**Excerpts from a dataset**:
▼

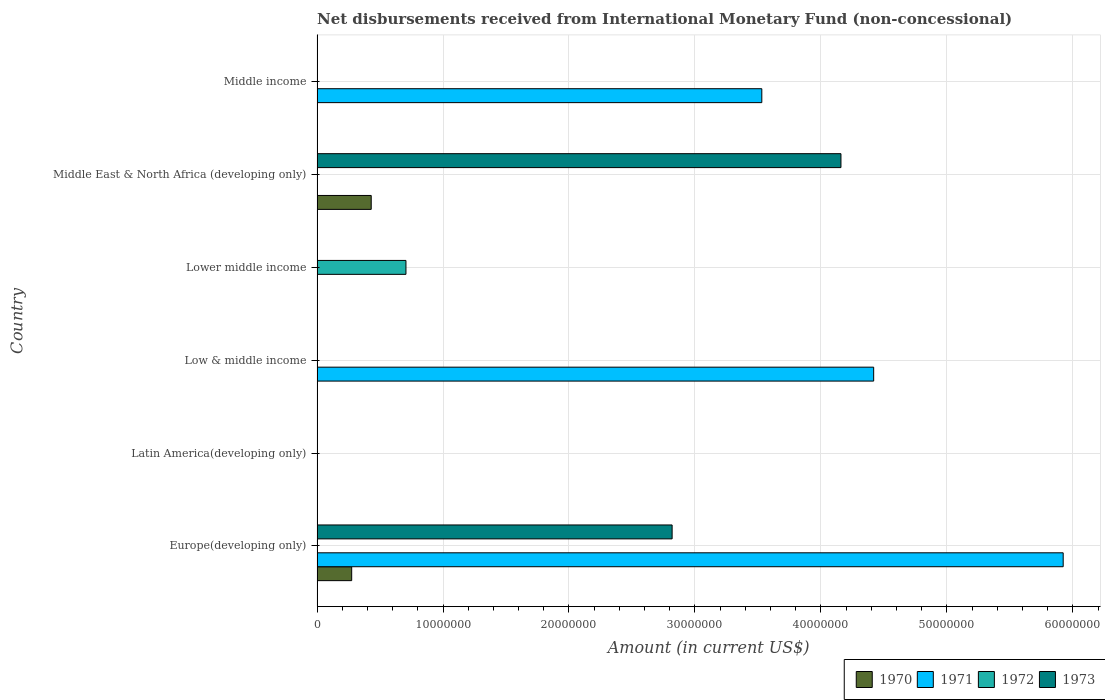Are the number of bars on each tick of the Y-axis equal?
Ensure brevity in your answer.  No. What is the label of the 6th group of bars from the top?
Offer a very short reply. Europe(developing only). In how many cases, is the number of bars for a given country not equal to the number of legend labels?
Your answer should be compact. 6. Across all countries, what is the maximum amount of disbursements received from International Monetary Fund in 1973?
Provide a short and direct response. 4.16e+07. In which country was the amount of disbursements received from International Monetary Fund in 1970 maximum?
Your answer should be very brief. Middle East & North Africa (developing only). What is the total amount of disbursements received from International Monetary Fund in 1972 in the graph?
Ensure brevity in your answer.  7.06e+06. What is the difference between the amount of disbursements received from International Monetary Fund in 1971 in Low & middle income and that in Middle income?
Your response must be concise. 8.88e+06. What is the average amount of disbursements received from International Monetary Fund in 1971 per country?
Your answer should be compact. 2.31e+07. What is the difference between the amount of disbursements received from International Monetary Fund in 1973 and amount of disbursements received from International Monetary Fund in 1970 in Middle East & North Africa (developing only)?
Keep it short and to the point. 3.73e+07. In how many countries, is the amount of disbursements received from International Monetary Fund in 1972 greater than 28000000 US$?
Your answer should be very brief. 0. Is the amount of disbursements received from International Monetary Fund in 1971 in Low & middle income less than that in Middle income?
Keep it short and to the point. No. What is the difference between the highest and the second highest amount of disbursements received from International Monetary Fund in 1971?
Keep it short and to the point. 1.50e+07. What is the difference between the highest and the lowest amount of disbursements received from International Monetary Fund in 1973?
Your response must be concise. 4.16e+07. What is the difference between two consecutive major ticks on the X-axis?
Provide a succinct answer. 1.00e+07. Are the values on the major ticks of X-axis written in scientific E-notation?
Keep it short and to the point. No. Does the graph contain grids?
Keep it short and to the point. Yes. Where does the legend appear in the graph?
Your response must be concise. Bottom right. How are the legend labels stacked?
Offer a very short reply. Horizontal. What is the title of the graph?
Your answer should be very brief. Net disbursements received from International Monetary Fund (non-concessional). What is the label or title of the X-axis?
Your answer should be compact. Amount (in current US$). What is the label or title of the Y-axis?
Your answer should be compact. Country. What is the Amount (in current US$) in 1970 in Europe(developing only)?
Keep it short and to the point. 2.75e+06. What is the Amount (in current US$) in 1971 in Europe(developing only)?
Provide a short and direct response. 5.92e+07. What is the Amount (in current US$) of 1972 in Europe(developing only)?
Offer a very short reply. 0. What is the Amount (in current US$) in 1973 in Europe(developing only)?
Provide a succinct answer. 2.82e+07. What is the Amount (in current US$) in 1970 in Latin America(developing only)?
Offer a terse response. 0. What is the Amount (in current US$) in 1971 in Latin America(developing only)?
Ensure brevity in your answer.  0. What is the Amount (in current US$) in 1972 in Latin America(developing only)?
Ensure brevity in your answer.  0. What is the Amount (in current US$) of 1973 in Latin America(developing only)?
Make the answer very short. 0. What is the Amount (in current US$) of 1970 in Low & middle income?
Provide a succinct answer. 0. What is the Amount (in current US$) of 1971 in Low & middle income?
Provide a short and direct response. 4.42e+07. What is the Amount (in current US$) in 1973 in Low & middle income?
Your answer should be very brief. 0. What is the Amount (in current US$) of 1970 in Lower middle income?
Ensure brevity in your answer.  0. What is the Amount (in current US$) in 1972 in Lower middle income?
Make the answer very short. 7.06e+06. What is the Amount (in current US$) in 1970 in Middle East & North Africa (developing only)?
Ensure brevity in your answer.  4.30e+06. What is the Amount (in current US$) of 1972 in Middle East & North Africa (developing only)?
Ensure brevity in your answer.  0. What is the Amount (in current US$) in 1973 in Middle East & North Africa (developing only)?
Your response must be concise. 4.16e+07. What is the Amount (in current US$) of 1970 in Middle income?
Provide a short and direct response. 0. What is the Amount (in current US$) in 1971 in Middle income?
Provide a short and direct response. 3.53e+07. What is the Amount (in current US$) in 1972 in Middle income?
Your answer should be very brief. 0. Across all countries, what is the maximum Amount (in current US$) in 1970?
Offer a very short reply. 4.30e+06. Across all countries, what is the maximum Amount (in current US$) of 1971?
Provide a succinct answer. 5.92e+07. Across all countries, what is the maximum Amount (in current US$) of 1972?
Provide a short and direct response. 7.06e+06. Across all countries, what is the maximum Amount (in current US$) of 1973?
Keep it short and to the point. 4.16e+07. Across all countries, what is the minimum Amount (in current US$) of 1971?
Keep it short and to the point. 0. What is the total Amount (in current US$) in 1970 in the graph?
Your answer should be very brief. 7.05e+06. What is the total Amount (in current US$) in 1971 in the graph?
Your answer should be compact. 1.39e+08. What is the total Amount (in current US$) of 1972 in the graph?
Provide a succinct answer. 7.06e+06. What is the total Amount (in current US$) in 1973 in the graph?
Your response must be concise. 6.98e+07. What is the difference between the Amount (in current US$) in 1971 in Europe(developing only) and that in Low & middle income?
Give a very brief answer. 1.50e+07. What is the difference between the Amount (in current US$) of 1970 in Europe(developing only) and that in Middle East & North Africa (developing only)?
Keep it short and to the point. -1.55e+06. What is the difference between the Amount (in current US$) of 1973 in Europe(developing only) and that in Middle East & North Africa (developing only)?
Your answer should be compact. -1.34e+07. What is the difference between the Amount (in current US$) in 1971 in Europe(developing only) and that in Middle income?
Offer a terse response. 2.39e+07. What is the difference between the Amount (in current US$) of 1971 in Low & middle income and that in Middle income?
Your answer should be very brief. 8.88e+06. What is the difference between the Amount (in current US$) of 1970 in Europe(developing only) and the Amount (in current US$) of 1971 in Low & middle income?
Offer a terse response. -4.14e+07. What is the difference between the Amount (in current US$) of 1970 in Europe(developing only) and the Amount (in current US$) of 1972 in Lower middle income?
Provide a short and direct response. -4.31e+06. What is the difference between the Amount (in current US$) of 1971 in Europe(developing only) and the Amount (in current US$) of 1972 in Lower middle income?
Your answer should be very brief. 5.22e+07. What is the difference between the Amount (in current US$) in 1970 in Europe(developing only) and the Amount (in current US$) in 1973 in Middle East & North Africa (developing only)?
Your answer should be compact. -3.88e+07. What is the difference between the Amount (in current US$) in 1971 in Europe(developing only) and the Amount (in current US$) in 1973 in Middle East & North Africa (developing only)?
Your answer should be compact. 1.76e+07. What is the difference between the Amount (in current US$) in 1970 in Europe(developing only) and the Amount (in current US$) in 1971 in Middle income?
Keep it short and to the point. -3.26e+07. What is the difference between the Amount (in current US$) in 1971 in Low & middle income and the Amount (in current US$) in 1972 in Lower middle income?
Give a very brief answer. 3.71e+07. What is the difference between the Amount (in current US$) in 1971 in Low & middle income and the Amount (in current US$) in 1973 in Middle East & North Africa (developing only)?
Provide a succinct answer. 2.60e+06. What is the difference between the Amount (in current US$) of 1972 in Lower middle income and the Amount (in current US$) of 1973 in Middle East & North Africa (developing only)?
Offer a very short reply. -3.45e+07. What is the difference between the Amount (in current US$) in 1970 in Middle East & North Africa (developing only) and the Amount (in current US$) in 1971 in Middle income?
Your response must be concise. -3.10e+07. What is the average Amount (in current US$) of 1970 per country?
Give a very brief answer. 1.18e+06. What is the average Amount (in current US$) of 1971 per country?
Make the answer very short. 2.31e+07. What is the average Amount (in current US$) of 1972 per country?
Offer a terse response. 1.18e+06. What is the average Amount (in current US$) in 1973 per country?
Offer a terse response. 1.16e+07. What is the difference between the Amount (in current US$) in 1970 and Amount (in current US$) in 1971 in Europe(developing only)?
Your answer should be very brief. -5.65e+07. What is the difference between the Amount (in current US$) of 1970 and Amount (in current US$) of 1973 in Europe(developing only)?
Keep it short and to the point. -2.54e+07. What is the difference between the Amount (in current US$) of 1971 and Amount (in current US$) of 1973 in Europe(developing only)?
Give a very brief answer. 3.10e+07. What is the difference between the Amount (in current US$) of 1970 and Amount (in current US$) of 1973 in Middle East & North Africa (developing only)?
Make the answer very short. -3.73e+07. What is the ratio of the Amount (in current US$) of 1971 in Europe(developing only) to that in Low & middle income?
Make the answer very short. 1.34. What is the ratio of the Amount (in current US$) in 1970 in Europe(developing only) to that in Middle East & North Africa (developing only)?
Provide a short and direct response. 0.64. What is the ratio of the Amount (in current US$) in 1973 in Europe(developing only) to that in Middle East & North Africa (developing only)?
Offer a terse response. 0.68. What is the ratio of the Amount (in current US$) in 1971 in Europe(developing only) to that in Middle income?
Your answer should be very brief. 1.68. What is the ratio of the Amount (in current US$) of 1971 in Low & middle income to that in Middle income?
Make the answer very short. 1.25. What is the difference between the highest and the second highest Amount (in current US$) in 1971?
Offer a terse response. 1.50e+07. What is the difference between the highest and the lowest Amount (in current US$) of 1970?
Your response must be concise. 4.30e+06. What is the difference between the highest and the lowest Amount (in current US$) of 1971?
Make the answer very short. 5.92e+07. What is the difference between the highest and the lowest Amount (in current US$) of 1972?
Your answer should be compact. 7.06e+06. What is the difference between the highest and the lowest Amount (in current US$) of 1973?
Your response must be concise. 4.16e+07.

▲

**What is needed**:
The line containing "Your answer should be compact. 6." marks where the copy ends; print every line before it from the start of the records, and that line too, but no pictures.

**Task response**:
Are the number of bars on each tick of the Y-axis equal?
Ensure brevity in your answer.  No. What is the label of the 6th group of bars from the top?
Offer a very short reply. Europe(developing only). In how many cases, is the number of bars for a given country not equal to the number of legend labels?
Your answer should be compact. 6. Across all countries, what is the maximum amount of disbursements received from International Monetary Fund in 1973?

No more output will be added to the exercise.